Further, the screen on which people view the world will narrow. Spared the burden of considering multiple parts of the world at once, single-issue advocates may have a hard time seeing the relationship of one foreign policy challenge to another. Viewing issues à la carte, they might be unable or unwilling to prioritize. To be fair, if young advocates fail to see the way Guantánamo has undermined U.S. efforts in Darfur, they are being no more tunnel-visioned than the Bush Administration. But they are the ones we are counting on to help turn things around.

It’s too easy to default to accessible information – there’s probably a good marketing reason for calling RSS subscriptions "feed". I understand SP’s cautionary, which is essentially a call to remain critical of all information sources (even print versions of the New York Times and the Boston Globe), and to remain wary of technologically-empowered group-think.

But the sheer variety of new media technologies and widgets suggests there’s an equally ready antidote to spoon-fed e-mail defaults and corporate-sponsored information clusters. Early warning, for example, used to be a labor-intensive process, a race against the clock to sift out indicators and warnings, on time, to identify the proverbial needle in the haystack or smoking gun evidence of command responsibility and criminal intent. No longer.

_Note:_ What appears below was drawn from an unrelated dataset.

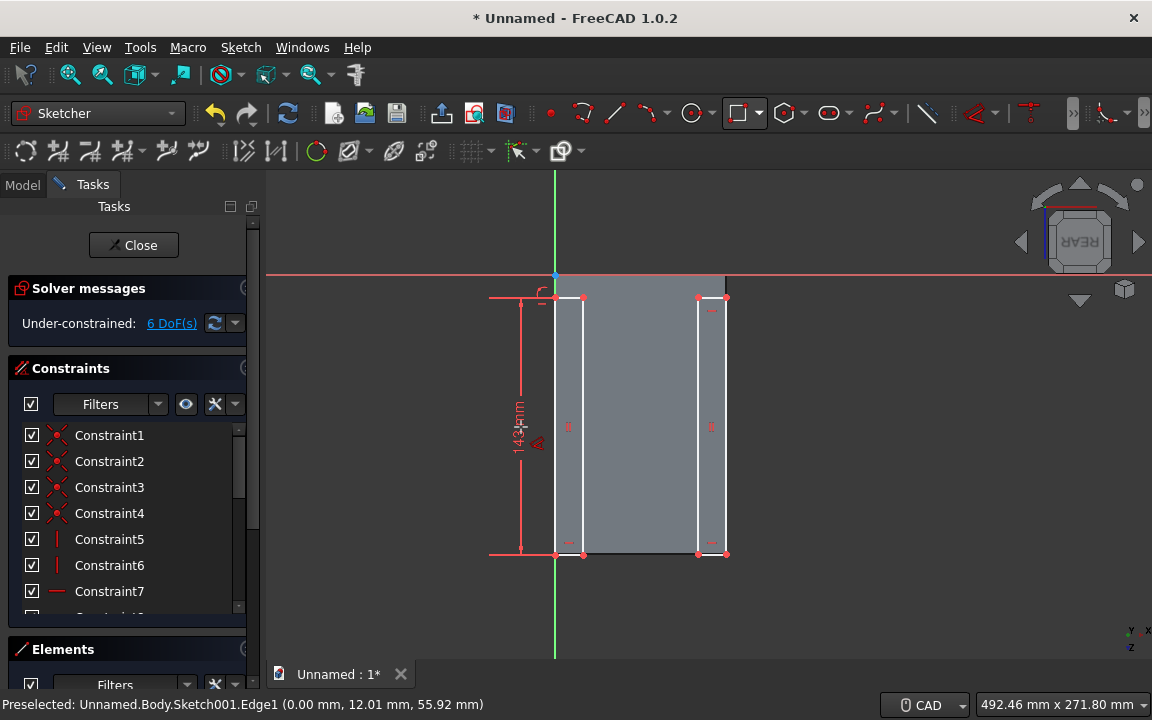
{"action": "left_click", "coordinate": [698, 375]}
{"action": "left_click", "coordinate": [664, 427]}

Serendipitous discovery sometimes comes from reading hard copy, sure – but I find that that has more to do with the tactile reassurance of a physical prop. Eureka moments in daily news reading don’t really happen the same way they do for researchers pouring through archived masses of data. Most open source information now being generated is near-instantly preserved in searchable online databases like Lexis-Nexis. Most currently generated information output is instantly available by subscription. This is a radical shift, a time inversion,  the collected mass of it representing an immediate archive of the now. This is the great new possibility: not of social network platforms, which serve their own purposes and can be useful, but of the next-gen web-filtering that’s available.

RSS blenders and mixers, and aggregators like Newsgator and Netvibes, certainly help to winnow out the uninterersting bits and narrow our optic. But web-filtering is most valuable for its ability to turn pretty much any desktop into a data catchment area the proportions of which were once reserved for BBC Worldwide Monitoring or the former Foreign Broadcast Information Service. Significantly, they also streamline source management – sort of like the finding aids I use to use to sort through microfiche collections of U
.S. State Department dispatches.

Now, instead of receiving separate e-mail alerts on the latest International Crisis Group, Human Rights Watch, Institute for War and Peace Reporting, and ReliefWeb news – or going from website to website to "manually" find what I need – I can plug all those RSS subscriptions into a reader and get a single running feed right on my monitor. There’s a lot of junk on the web, and the importance of remaining critical and thinking about how to collate and categorize information doesn’t go way. Apply that to new filtering technologies, and we may have something.

Things have changed since I first left the Army and SP was starting to show her brilliance. Then, radicalization and mobilization were about radio in Africa and broadcast media in the former Yugoslavia, about sick nationalism and ethnic cleansing. As she once put it – possibly on Charlie Rose – 9/11 sucked the wind out of some important Clinton-era issues: human rights, humanitarian intervention, accountability for war crimes, R2P. But the early warning lessons of that era are directly linked to how we can do some things better today.

SP would probably agree, though, that none of it means a thing in the absence of political will and in an atmosphere of partisan hysterics.